Pero ¿qué posibilidades hay de operar sobre aquello que no se controla pero que nos condiciona? Quizás sea posible mediante la construcción de dispositivos que nos permitan trabajar políticamente sobre el deseo, postergando lo inmediato es decir los deseos que nos atan al mundo tal cual se nos presenta, para  privilegiar aquellos deseos que proyecten otros mundos posibles.

En medio de esta pregunta escribimos algunas notas en las que reflexionamos sobre diferentes dispositivos para trabajar lo afectivo que permitan construir otras subjetividades. Agrupamos nuestra producción en tres bloques.

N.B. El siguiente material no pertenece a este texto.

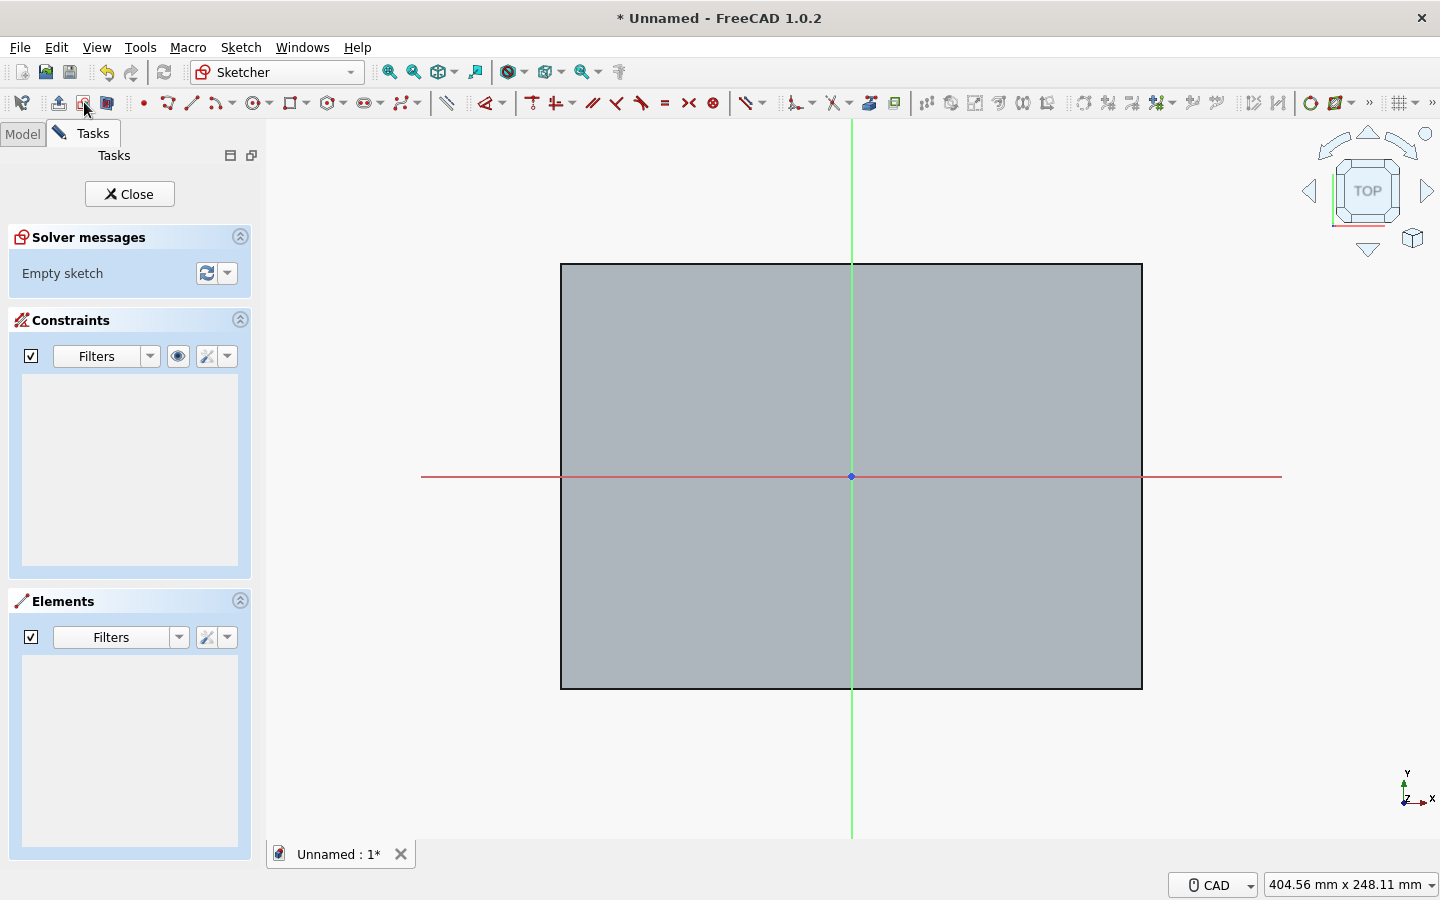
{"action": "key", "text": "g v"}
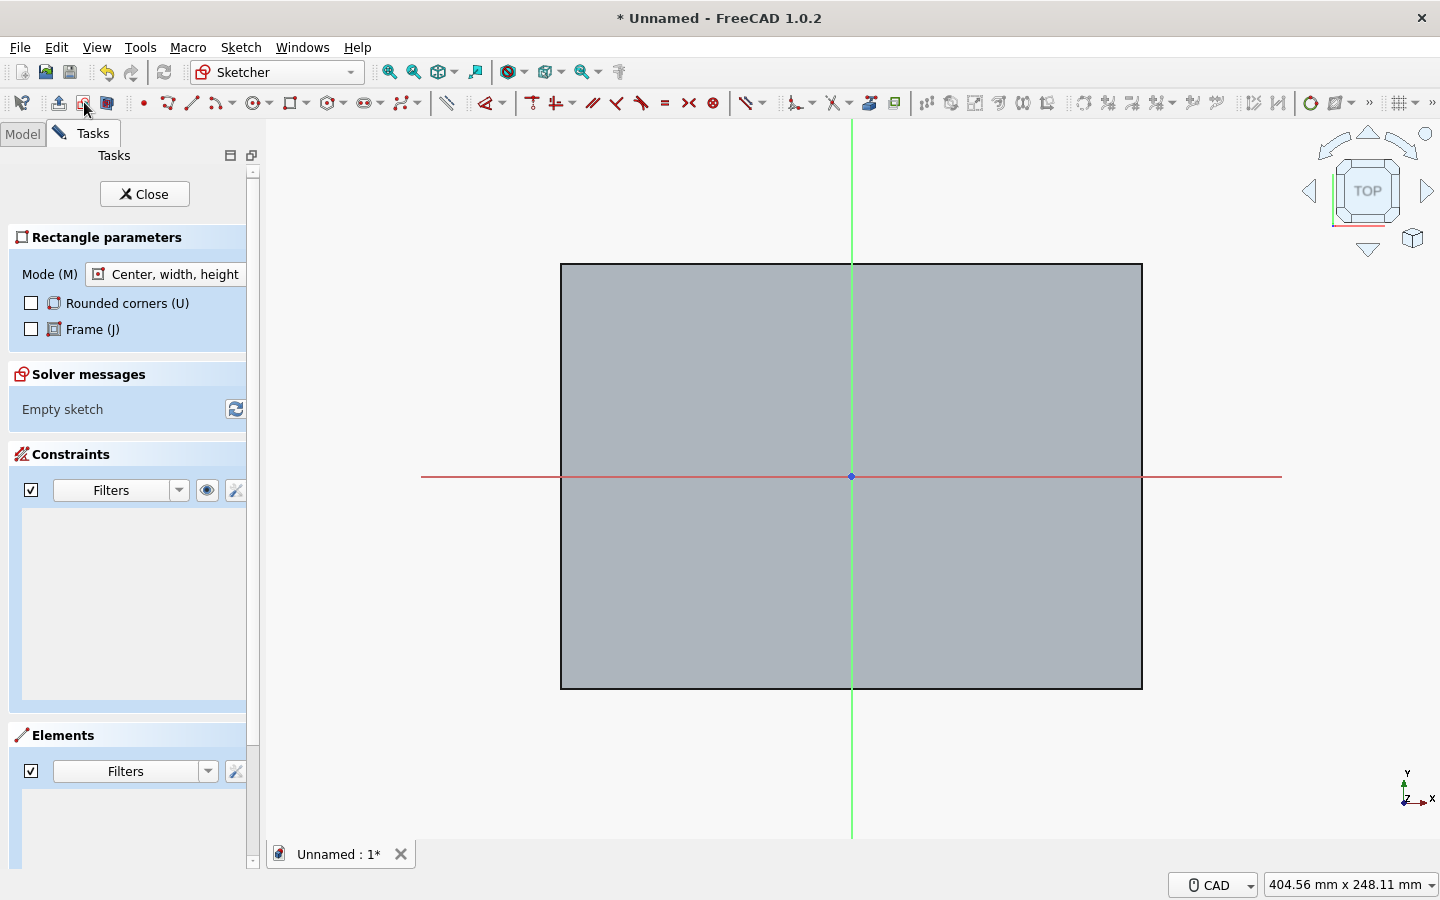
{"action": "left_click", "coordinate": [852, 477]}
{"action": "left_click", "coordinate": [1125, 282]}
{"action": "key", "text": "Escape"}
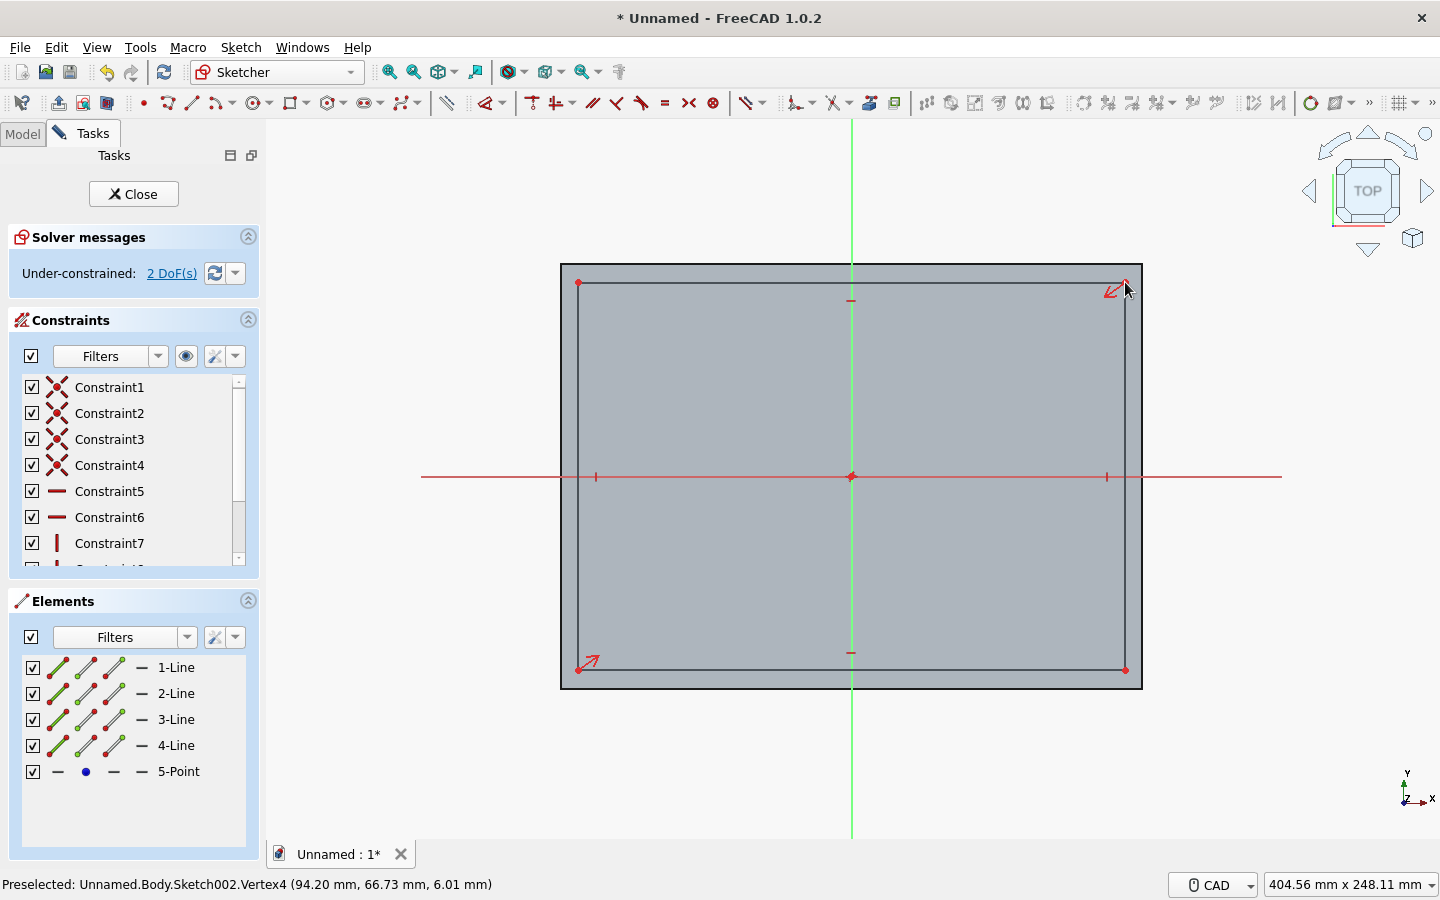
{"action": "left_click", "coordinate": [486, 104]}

Por una parte, abordamos el dispositivo clásico de organización del deseo, la familia, en diferentes matices desde la mirada más crítica hasta una condescendiente y progresista. Además de algunas preguntas por el matrimonio igualitario, incorporamos en este bloque el análisis de la serie Dexter, en la que se da profunda importancia de lo familiar en la construcción del perfil del personaje, que es asesino en serie. A partir del concepto de monstruosidad en el límite entre lo normal y lo anormal, en Dexter observamos el encauzamiento del deseo para que pueda hacer máquina con la sociedad.

En un segundo bloque indagamos acerca de algunos neo-dispositivos dominantes, nos referimos así a la publicidad, el psicoanálisis y el tarot, tres reductores de angustia de las sociedades actuales. 

Considerando que los paliativos del malestar existencial descriptos intentan detener el movimiento de la vida que los desborda, preferimos preguntarnos por soluciones que nos permitan habitar la diversidad. Así, en el tercer bloque, escribimos también sobre micro-intervenciones, dispositivos de organización del deseo en experiencias alternativas de búsqueda, ensayo de cambios en la disposición de los cuerpos.